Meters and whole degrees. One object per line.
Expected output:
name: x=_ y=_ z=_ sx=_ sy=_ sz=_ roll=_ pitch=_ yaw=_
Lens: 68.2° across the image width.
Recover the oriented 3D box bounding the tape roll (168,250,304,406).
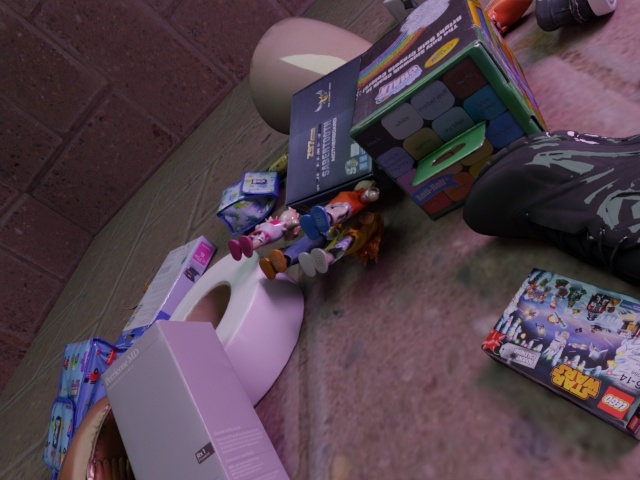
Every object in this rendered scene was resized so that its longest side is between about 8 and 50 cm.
tape roll: x=-0.160 y=0.154 z=0.781 sx=0.286 sy=0.100 sz=0.286 roll=-37 pitch=30 yaw=26

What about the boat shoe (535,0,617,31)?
boat shoe: x=0.370 y=-0.427 z=0.692 sx=0.091 sy=0.114 sz=0.302 roll=-11 pitch=45 yaw=44

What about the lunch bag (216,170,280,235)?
lunch bag: x=-0.164 y=-0.101 z=1.132 sx=0.151 sy=0.096 sz=0.128 roll=-27 pitch=30 yaw=14

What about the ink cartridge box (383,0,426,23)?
ink cartridge box: x=0.260 y=-0.605 z=1.128 sx=0.139 sy=0.082 sz=0.191 roll=-51 pitch=25 yaw=-2

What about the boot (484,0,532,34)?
boot: x=0.289 y=-0.355 z=0.796 sx=0.158 sy=0.059 sz=0.084 roll=-33 pitch=33 yaw=47

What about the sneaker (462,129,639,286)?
sneaker: x=0.238 y=-0.026 z=0.400 sx=0.286 sy=0.109 sz=0.130 roll=-10 pitch=53 yaw=55

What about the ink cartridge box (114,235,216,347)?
ink cartridge box: x=-0.392 y=0.143 z=1.196 sx=0.186 sy=0.065 sz=0.311 roll=-19 pitch=37 yaw=46

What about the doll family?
doll family: x=0.000 y=0.000 z=0.698 sx=0.263 sy=0.118 sz=0.163 roll=-15 pitch=12 yaw=44

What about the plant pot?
plant pot: x=0.033 y=-0.319 z=0.973 sx=0.274 sy=0.256 sz=0.256 roll=31 pitch=82 yaw=46

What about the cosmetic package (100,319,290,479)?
cosmetic package: x=-0.154 y=0.223 z=0.563 sx=0.127 sy=0.107 sz=0.238 roll=-45 pitch=64 yaw=15

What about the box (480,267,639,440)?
box: x=0.209 y=0.081 z=0.384 sx=0.094 sy=0.027 sz=0.137 roll=-54 pitch=27 yaw=-6

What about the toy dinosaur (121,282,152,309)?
toy dinosaur: x=-0.479 y=0.153 z=1.339 sx=0.211 sy=0.064 sz=0.112 roll=-42 pitch=8 yaw=-3

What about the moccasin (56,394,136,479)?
moccasin: x=-0.254 y=0.367 z=0.582 sx=0.147 sy=0.139 sz=0.379 roll=-28 pitch=41 yaw=19

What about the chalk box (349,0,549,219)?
chalk box: x=0.163 y=-0.166 z=0.609 sx=0.180 sy=0.179 sz=0.288 roll=-30 pitch=34 yaw=34

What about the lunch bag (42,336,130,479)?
lunch bag: x=-0.531 y=0.384 z=1.065 sx=0.221 sy=0.138 sz=0.293 roll=-20 pitch=52 yaw=46

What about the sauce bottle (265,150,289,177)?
sauce bottle: x=-0.110 y=-0.174 z=1.191 sx=0.128 sy=0.042 sz=0.042 roll=-37 pitch=29 yaw=30

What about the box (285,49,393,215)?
box: x=0.028 y=-0.172 z=0.784 sx=0.184 sy=0.059 sz=0.232 roll=-16 pitch=62 yaw=41
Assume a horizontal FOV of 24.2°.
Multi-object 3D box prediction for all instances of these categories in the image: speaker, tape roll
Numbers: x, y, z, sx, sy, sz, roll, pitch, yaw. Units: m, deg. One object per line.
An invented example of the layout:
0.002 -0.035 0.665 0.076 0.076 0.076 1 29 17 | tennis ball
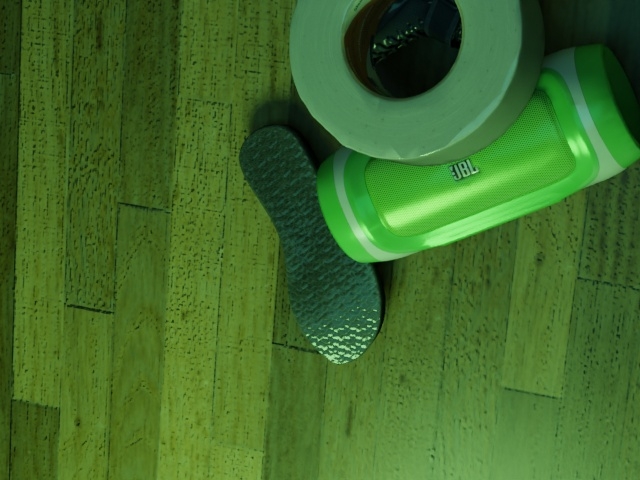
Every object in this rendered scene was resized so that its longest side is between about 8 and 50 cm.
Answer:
0.149 -0.078 1.406 0.296 0.131 0.131 -22 94 23 | speaker
0.085 -0.177 1.330 0.219 0.072 0.219 -1 87 23 | tape roll

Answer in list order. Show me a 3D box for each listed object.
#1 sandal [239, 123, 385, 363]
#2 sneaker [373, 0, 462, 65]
0.001 -0.001 1.524 0.097 0.054 0.254 -22 85 16 | sandal
0.091 -0.190 1.421 0.163 0.086 0.226 37 111 11 | sneaker
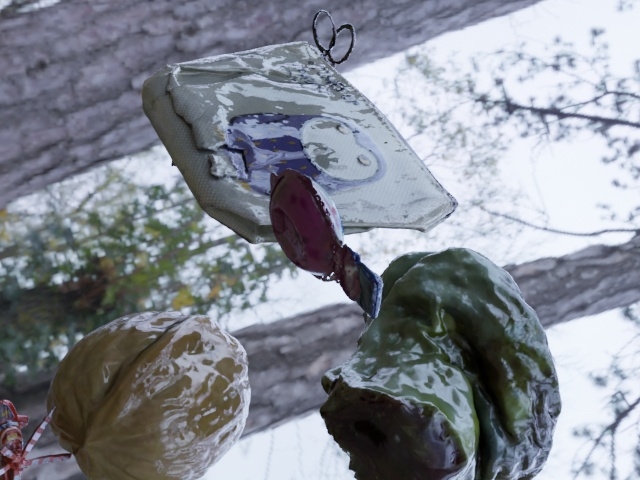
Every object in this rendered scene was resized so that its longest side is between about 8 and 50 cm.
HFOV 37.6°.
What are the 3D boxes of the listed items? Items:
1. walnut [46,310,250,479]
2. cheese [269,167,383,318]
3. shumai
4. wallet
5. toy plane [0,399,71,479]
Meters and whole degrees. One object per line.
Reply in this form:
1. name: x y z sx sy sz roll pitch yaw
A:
1. walnut: -0.200 0.189 1.121 0.225 0.261 0.225 5 -75 21
2. cheese: 0.000 0.000 0.699 0.145 0.038 0.095 48 -28 36
3. shumai: 0.098 0.190 1.082 0.304 0.263 0.309 -33 -95 50
4. wallet: -0.031 -0.116 0.971 0.335 0.275 0.068 56 -32 35
5. toy plane: -0.336 0.263 1.028 0.077 0.126 0.194 26 -43 43
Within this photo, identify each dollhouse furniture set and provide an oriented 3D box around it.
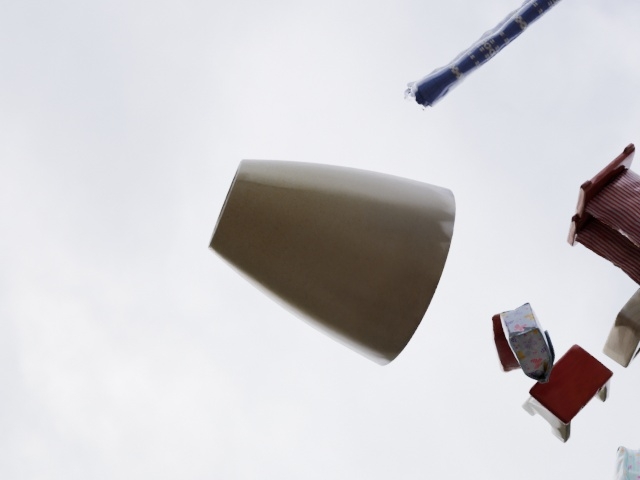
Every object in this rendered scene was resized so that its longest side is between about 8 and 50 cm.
[{"bbox_3d":[0.384,0.065,1.184,0.201,0.374,0.152,40,-22,27],"label":"dollhouse furniture set"}]

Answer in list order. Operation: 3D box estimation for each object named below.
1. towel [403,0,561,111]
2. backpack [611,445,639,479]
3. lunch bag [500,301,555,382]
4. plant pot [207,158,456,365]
[{"bbox_3d":[0.224,-0.251,0.887,0.336,0.243,0.040,-39,-87,9],"label":"towel"},{"bbox_3d":[0.506,0.394,1.308,0.115,0.182,0.152,17,-65,11],"label":"backpack"},{"bbox_3d":[0.272,0.134,1.102,0.053,0.071,0.083,-21,-69,11],"label":"lunch bag"},{"bbox_3d":[0.000,0.000,1.133,0.274,0.256,0.256,21,-59,-9],"label":"plant pot"}]
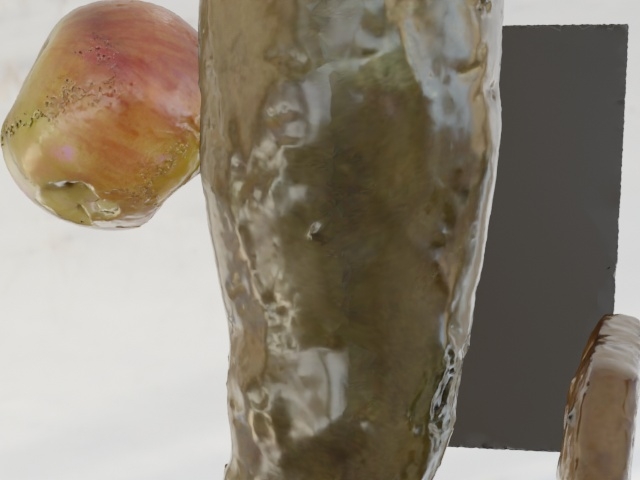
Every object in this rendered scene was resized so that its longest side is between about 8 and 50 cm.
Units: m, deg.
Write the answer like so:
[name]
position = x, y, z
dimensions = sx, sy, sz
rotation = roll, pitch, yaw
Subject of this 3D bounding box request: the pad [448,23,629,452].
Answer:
[pad]
position = 0.115, -0.011, 1.568
dimensions = 0.247, 0.367, 0.007
rotation = 1, 158, 10

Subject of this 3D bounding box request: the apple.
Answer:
[apple]
position = -0.121, -0.075, 1.208
dimensions = 0.146, 0.146, 0.146
rotation = -12, 161, -4

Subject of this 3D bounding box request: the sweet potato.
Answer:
[sweet potato]
position = 0.005, 0.003, 0.801
dimensions = 0.130, 0.422, 0.130
rotation = 6, -174, -1

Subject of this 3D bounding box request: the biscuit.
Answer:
[biscuit]
position = 0.151, 0.217, 1.142
dimensions = 0.046, 0.359, 0.359
rotation = 7, 163, 10

=====

To do:
Return the material from above in full, exactly as written, with the pictures omitted.

Answer below:
Meters and whole degrees. One object per line.
Expected output:
name: x=_ y=_ z=_ sx=_ sy=_ sz=_ roll=_ pitch=_ yaw=_
Lens: 68.2° across the image width.
Recover the oriented 3D box bounding the tape roll (168,250,304,406).
Every object in this rendered scene was resized so that its longest side is between about 8 and 50 cm.
tape roll: x=-0.160 y=0.154 z=0.781 sx=0.286 sy=0.100 sz=0.286 roll=-37 pitch=30 yaw=26

What about the boat shoe (535,0,617,31)?
boat shoe: x=0.370 y=-0.427 z=0.692 sx=0.091 sy=0.114 sz=0.302 roll=-11 pitch=45 yaw=44

What about the lunch bag (216,170,280,235)?
lunch bag: x=-0.164 y=-0.101 z=1.132 sx=0.151 sy=0.096 sz=0.128 roll=-27 pitch=30 yaw=14

What about the ink cartridge box (383,0,426,23)?
ink cartridge box: x=0.260 y=-0.605 z=1.128 sx=0.139 sy=0.082 sz=0.191 roll=-51 pitch=25 yaw=-2

What about the boot (484,0,532,34)?
boot: x=0.289 y=-0.355 z=0.796 sx=0.158 sy=0.059 sz=0.084 roll=-33 pitch=33 yaw=47

What about the sneaker (462,129,639,286)?
sneaker: x=0.238 y=-0.026 z=0.400 sx=0.286 sy=0.109 sz=0.130 roll=-10 pitch=53 yaw=55

What about the ink cartridge box (114,235,216,347)?
ink cartridge box: x=-0.392 y=0.143 z=1.196 sx=0.186 sy=0.065 sz=0.311 roll=-19 pitch=37 yaw=46

What about the doll family?
doll family: x=0.000 y=0.000 z=0.698 sx=0.263 sy=0.118 sz=0.163 roll=-15 pitch=12 yaw=44

What about the plant pot?
plant pot: x=0.033 y=-0.319 z=0.973 sx=0.274 sy=0.256 sz=0.256 roll=31 pitch=82 yaw=46

What about the cosmetic package (100,319,290,479)?
cosmetic package: x=-0.154 y=0.223 z=0.563 sx=0.127 sy=0.107 sz=0.238 roll=-45 pitch=64 yaw=15

What about the box (480,267,639,440)?
box: x=0.209 y=0.081 z=0.384 sx=0.094 sy=0.027 sz=0.137 roll=-54 pitch=27 yaw=-6

What about the toy dinosaur (121,282,152,309)?
toy dinosaur: x=-0.479 y=0.153 z=1.339 sx=0.211 sy=0.064 sz=0.112 roll=-42 pitch=8 yaw=-3

What about the moccasin (56,394,136,479)?
moccasin: x=-0.254 y=0.367 z=0.582 sx=0.147 sy=0.139 sz=0.379 roll=-28 pitch=41 yaw=19

What about the chalk box (349,0,549,219)?
chalk box: x=0.163 y=-0.166 z=0.609 sx=0.180 sy=0.179 sz=0.288 roll=-30 pitch=34 yaw=34

What about the lunch bag (42,336,130,479)?
lunch bag: x=-0.531 y=0.384 z=1.065 sx=0.221 sy=0.138 sz=0.293 roll=-20 pitch=52 yaw=46

What about the sauce bottle (265,150,289,177)?
sauce bottle: x=-0.110 y=-0.174 z=1.191 sx=0.128 sy=0.042 sz=0.042 roll=-37 pitch=29 yaw=30

What about the box (285,49,393,215)?
box: x=0.028 y=-0.172 z=0.784 sx=0.184 sy=0.059 sz=0.232 roll=-16 pitch=62 yaw=41
Assume a horizontal FOV of 24.2°.
Multi-object 3D box prediction for all instances of these categories in the image: speaker, tape roll
Numbers: x, y, z, sx, sy, sz, roll, pitch, yaw. Units: m, deg. One object per line.
An invented example of the layout:
0.002 -0.035 0.665 0.076 0.076 0.076 1 29 17 | tennis ball
Every object in this rendered scene was resized so that its longest side is between about 8 and 50 cm.
Answer:
0.149 -0.078 1.406 0.296 0.131 0.131 -22 94 23 | speaker
0.085 -0.177 1.330 0.219 0.072 0.219 -1 87 23 | tape roll

Answer in list order. Show me a 3D box for each listed object.
#1 sandal [239, 123, 385, 363]
#2 sneaker [373, 0, 462, 65]
0.001 -0.001 1.524 0.097 0.054 0.254 -22 85 16 | sandal
0.091 -0.190 1.421 0.163 0.086 0.226 37 111 11 | sneaker
Every object in this rendered scene was resized so that its longest side is between about 8 and 50 cm.
HFOV 37.6°.
What are the 3D boxes of the listed items? Items:
1. walnut [46,310,250,479]
2. cheese [269,167,383,318]
3. shumai
4. wallet
5. toy plane [0,399,71,479]
Meters and whole degrees. One object per line.
Reply in this form:
1. name: x y z sx sy sz roll pitch yaw
A:
1. walnut: -0.200 0.189 1.121 0.225 0.261 0.225 5 -75 21
2. cheese: 0.000 0.000 0.699 0.145 0.038 0.095 48 -28 36
3. shumai: 0.098 0.190 1.082 0.304 0.263 0.309 -33 -95 50
4. wallet: -0.031 -0.116 0.971 0.335 0.275 0.068 56 -32 35
5. toy plane: -0.336 0.263 1.028 0.077 0.126 0.194 26 -43 43
Within this photo, identify each dollhouse furniture set and provide an oriented 3D box around it.
Every object in this rendered scene was resized so that its longest side is between about 8 and 50 cm.
[{"bbox_3d":[0.384,0.065,1.184,0.201,0.374,0.152,40,-22,27],"label":"dollhouse furniture set"}]

Answer in list order. Operation: 3D box estimation for each object named below.
1. towel [403,0,561,111]
2. backpack [611,445,639,479]
3. lunch bag [500,301,555,382]
4. plant pot [207,158,456,365]
[{"bbox_3d":[0.224,-0.251,0.887,0.336,0.243,0.040,-39,-87,9],"label":"towel"},{"bbox_3d":[0.506,0.394,1.308,0.115,0.182,0.152,17,-65,11],"label":"backpack"},{"bbox_3d":[0.272,0.134,1.102,0.053,0.071,0.083,-21,-69,11],"label":"lunch bag"},{"bbox_3d":[0.000,0.000,1.133,0.274,0.256,0.256,21,-59,-9],"label":"plant pot"}]
Every object in this rendered scene was resized so that its longest side is between about 8 and 50 cm.
Units: m, deg.
Write the answer like so:
[name]
position = x, y, z
dimensions = sx, sy, sz
rotation = roll, pitch, yaw
Subject of this 3D bounding box request: the pad [448,23,629,452].
Answer:
[pad]
position = 0.115, -0.011, 1.568
dimensions = 0.247, 0.367, 0.007
rotation = 1, 158, 10

Subject of this 3D bounding box request: the apple.
Answer:
[apple]
position = -0.121, -0.075, 1.208
dimensions = 0.146, 0.146, 0.146
rotation = -12, 161, -4

Subject of this 3D bounding box request: the sweet potato.
Answer:
[sweet potato]
position = 0.005, 0.003, 0.801
dimensions = 0.130, 0.422, 0.130
rotation = 6, -174, -1

Subject of this 3D bounding box request: the biscuit.
Answer:
[biscuit]
position = 0.151, 0.217, 1.142
dimensions = 0.046, 0.359, 0.359
rotation = 7, 163, 10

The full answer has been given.